Yes, the decomposition supports the graphical interpretation. The seasonal component shows a repeating quarterly pattern, while the trend-cycle component captures the smoother long-term movement in the series.
# Part c: Seasonally adjusted data
dcmp |>
autoplot(season_adjust) +
labs(
title = "Seasonally Adjusted Gas Production",
y = "Seasonally adjusted gas"
)
gas_outlier_middle <- gas |>
mutate(Gas = if_else(row_number() == 10, Gas + 300, Gas))

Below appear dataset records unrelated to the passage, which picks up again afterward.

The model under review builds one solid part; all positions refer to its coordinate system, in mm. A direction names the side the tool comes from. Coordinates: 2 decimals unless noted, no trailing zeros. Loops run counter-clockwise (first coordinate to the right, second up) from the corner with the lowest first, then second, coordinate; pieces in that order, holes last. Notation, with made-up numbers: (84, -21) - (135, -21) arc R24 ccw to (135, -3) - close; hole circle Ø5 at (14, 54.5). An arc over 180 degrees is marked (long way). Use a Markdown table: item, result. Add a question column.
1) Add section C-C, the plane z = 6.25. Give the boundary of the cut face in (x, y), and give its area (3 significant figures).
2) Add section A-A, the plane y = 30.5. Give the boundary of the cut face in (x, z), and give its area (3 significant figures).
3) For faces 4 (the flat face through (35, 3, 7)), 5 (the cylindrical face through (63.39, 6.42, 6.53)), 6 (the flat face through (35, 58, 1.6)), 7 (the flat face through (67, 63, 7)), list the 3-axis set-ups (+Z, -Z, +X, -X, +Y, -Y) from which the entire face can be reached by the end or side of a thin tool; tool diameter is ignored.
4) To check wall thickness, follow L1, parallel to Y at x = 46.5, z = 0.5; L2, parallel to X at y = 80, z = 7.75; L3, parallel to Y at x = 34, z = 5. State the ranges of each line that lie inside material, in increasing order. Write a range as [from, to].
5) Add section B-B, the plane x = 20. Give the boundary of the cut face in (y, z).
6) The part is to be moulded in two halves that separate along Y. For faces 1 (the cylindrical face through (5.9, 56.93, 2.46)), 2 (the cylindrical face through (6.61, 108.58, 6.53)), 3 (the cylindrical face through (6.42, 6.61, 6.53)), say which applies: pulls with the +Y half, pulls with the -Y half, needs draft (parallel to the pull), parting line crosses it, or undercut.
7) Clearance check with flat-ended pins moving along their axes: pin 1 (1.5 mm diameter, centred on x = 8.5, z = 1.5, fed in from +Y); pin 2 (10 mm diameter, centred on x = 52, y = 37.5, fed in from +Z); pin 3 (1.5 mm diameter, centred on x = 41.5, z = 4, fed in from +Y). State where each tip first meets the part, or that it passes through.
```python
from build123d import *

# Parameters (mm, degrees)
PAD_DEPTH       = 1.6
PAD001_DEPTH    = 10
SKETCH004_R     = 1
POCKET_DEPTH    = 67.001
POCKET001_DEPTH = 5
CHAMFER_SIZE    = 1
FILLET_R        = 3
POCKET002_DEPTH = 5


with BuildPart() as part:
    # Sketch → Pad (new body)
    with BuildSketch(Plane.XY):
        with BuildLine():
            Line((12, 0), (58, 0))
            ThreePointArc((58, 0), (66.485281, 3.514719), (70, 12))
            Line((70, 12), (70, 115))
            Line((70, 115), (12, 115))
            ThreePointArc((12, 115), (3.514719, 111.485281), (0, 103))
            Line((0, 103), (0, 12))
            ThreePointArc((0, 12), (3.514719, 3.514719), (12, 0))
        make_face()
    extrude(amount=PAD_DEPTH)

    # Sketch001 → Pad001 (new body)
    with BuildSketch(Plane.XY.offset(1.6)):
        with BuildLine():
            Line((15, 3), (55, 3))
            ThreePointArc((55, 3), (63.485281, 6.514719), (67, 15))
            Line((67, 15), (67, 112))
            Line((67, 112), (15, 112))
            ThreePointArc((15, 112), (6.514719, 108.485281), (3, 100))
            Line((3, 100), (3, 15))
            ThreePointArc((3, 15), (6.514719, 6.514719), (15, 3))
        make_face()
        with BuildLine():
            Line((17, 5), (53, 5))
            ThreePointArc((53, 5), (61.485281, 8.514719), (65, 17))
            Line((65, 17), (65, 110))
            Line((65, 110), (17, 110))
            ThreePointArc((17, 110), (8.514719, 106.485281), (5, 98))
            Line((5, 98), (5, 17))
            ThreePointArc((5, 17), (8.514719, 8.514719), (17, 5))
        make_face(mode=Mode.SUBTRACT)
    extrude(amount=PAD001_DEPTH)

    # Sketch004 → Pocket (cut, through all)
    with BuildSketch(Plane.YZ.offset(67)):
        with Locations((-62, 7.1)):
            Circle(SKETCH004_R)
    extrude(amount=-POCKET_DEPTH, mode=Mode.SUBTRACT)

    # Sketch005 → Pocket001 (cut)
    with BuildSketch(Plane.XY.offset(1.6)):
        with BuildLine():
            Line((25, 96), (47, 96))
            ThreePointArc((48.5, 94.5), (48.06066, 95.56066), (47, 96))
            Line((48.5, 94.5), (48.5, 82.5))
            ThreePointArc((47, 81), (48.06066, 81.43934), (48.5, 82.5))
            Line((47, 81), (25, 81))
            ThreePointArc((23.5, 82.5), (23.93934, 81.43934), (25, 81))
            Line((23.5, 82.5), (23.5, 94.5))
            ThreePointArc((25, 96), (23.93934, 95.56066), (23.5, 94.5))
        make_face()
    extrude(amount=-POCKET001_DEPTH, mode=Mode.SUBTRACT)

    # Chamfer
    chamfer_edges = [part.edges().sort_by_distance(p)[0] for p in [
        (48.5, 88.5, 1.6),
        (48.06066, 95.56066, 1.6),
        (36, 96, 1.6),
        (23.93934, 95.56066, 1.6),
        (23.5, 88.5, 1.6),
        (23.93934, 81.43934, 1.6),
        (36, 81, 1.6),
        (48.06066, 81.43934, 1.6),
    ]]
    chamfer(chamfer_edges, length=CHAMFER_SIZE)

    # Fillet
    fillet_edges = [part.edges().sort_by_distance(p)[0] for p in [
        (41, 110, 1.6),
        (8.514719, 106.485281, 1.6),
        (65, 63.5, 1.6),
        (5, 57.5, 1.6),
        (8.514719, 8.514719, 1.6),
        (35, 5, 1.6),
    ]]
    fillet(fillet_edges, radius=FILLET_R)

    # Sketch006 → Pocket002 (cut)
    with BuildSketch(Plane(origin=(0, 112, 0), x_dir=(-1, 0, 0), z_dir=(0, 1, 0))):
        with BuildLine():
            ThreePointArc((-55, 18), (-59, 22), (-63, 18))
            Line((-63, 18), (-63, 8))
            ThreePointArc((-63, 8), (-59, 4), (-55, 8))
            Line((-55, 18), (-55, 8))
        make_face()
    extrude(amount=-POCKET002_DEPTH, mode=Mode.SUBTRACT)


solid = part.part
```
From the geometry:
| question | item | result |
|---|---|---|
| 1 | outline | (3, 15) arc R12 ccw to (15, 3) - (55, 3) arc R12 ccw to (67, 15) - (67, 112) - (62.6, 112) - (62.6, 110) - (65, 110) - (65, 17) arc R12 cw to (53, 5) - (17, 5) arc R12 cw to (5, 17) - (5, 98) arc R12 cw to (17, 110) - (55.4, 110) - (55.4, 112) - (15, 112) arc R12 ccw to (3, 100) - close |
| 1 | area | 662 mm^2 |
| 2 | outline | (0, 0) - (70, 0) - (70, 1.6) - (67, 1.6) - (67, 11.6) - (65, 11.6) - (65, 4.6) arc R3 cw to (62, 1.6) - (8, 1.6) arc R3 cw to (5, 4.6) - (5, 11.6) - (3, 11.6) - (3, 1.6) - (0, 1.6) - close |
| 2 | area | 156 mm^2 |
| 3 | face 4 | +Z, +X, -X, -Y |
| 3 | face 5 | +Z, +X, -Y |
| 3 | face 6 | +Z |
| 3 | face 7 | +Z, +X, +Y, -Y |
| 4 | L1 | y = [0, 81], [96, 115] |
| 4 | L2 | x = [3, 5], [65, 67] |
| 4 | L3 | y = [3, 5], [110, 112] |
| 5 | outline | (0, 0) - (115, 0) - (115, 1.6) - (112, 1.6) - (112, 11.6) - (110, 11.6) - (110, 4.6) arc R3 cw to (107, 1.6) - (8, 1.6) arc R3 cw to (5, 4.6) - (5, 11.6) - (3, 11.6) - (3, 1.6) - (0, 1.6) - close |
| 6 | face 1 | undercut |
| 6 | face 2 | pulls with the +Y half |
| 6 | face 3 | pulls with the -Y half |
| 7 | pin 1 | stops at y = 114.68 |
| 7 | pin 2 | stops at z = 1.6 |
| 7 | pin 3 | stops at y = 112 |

dcmp_outlier_middle <- gas_outlier_middle |>
model(classical_decomposition(Gas, type = "multiplicative")) |>
components()
dcmp_outlier_middle |>
autoplot(season_adjust) +
labs(
title = "Seasonally Adjusted Gas with Middle Outlier",
y = "Seasonally adjusted gas"
)
The outlier creates a large spike in the seasonally adjusted data. It can also distort the estimated trend-cycle and seasonal indices because classical decomposition is sensitive to extreme values.
# Part e: Add an outlier near the end
gas_outlier_end <- gas |>
mutate(Gas = if_else(row_number() == n(), Gas + 300, Gas))
dcmp_outlier_end <- gas_outlier_end |>
model(classical_decomposition(Gas, type = "multiplicative")) |>
components()
dcmp_outlier_end |>
autoplot(season_adjust) +
labs(
title = "Seasonally Adjusted Gas with End Outlier",
y = "Seasonally adjusted gas"
)
Yes, the position of the outlier matters. An outlier in the middle affects the surrounding trend-cycle more because it is included in the moving average calculation. An outlier near the end mainly affects the final observations and may have less influence on the estimated trend-cycle.
library(seasonal)
library(x13binary)
set.seed(12345678)
myseries <- aus_retail |>
filter(`Series ID` == sample(aus_retail$`Series ID`, 1))
# X-11 decomposition
myseries |>
model(
x11 = X_13ARIMA_SEATS(Turnover ~ x11())
) |>
components() |>
autoplot()
The decomposition shows a strong upward trend in the Australian civilian labour force from 1978 to 1995. The trend component increases steadily over time, indicating long-term growth in the number of people participating in the labour force. The seasonal component is relatively small compared to the overall level of the series, with fluctuations generally between about -100 and 100, while the total series ranges from roughly 6500 to 9000. This indicates that seasonality exists but has a much smaller effect than the long-term trend.
Yes, the recession of 1991/1992 is visible in the decomposition, particularly in the remainder component and the trend component. Around 1991–1992 there are several unusually large negative residuals, and the upward trend temporarily slows during this period.